Comment un match de football a-t-il fait basculer l’histoire de la RDC ? Dans un récit passionnant, l’écrivain belge David Van Reybrouck raconte, dans « Congo : Une histoire »*, ce qui s’est passé ce jour-là à Léopoldville, ancienne dénomination de Kinshasa.

Le récit des coulisses d’un d’événement historique

« Le 4 janvier 1959, à Bruxelles, il fait un froid glacial. C’est un dimanche matin paisible, il gèle. Les rues sont extrêmement glissantes. A travers les avenues chics d’Ixelles, près de l’abbaye de la Cambre, une voiture avance prudemment entre les imposantes demeures. Jef Van Bilsen est au volant, l’homme qui avec son plan de trente ans a déchaîné les démons, pense-t-on communément. Mais c’est aussi le Belge qui entretient les meilleures relations avec l’élite congolaise.

Peu savent aussi bien que lui ce qui se passe parmi les évolués. De très bonne heure, Arthur Gilson, ministre de la Défense, l’a appelé pour lui demander de venir de toute urgence.
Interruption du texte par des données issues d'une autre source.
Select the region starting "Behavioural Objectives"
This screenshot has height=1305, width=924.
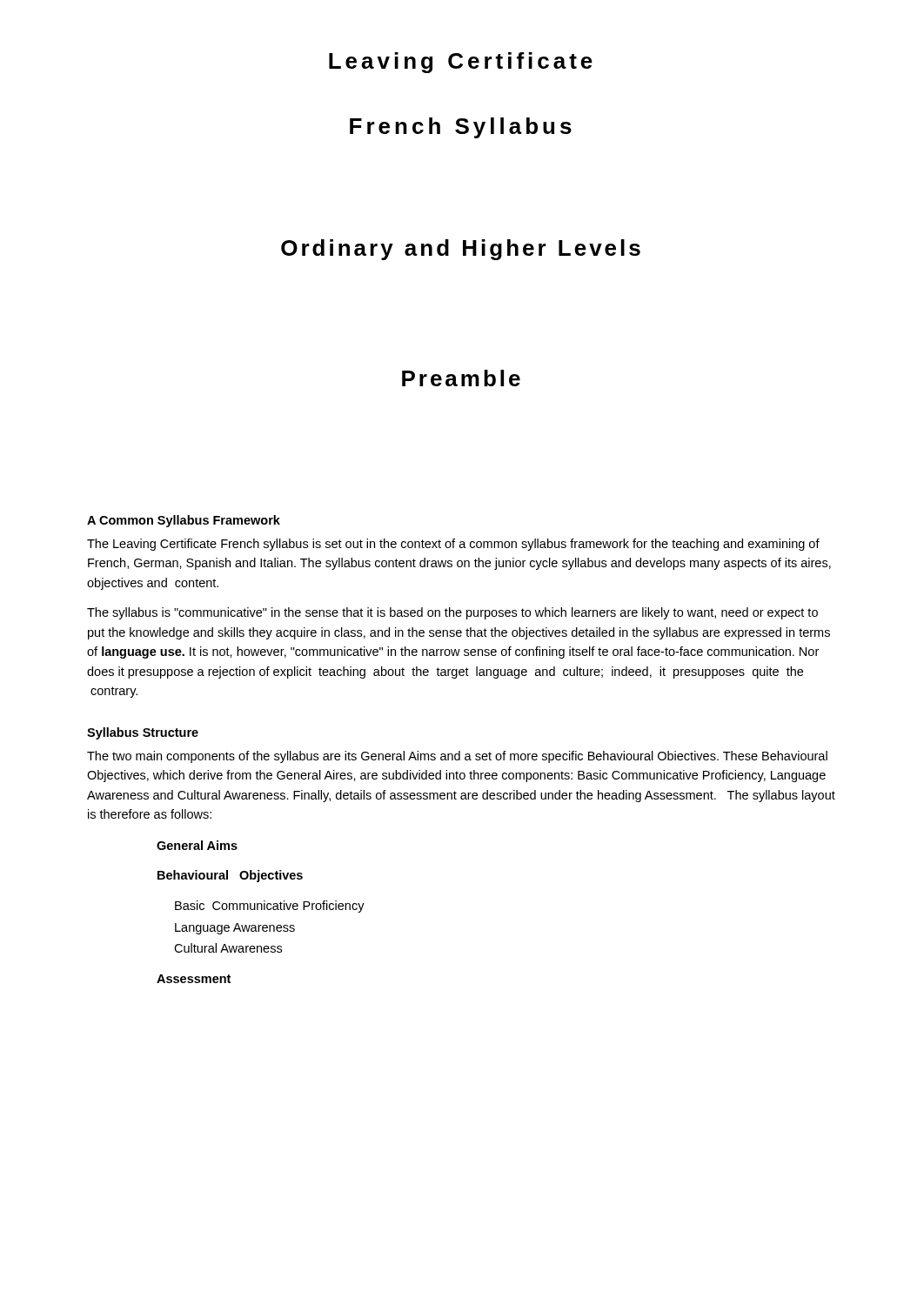[230, 875]

Le ministre a passé tout le week-end du Nouvel An à peiner sur le texte d’une déclaration du gouvernement. Durant les derniers mois de 1958, un groupe de travail est parti au Congo à la demande des autorités belges pour faire l’inventaire des attentes de la population.
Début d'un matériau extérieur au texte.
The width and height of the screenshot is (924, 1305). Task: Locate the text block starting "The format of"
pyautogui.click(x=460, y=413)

Une initiative louable, sauf que pas un seul Congolais n’a fait partie de l’équipe de
recherche. Leur rapport va cependant donner lieu à une déclaration gouvernementale énergique, qui constituera les fondements
d’une nouvelle politique coloniale. Différents ministres ont déjà examiné le texte pendant les vacances de Noël, mais ils ne s’en
sortent pas, pas plus que le ministre de la Défense. Peut-être Van Bilsen peut-il apporter son éclairage ? Dans le bureau du ministre,
Van Bilsen tente de faire clairement comprendre, en ce paisible dimanche matin, qu’une déclaration aussi cruciale n’a pas de sens tant qu’elle n’annonce pas l’indépendance et ne propose pas une
date butoir concrète.

Le ministre tombe des nues. “Une discussion s’engagea entre nous qui tenait plus d’une conversation de
sourds, à propos de ce qui était souhaitable du point de vue congolais et ce qui pouvait être réalisable du point de vue belge”, expliqua Van Bilsen. La situation reste gelée. Il retourne à petits pas à sa voiture sans avoir obtenu gain de cause.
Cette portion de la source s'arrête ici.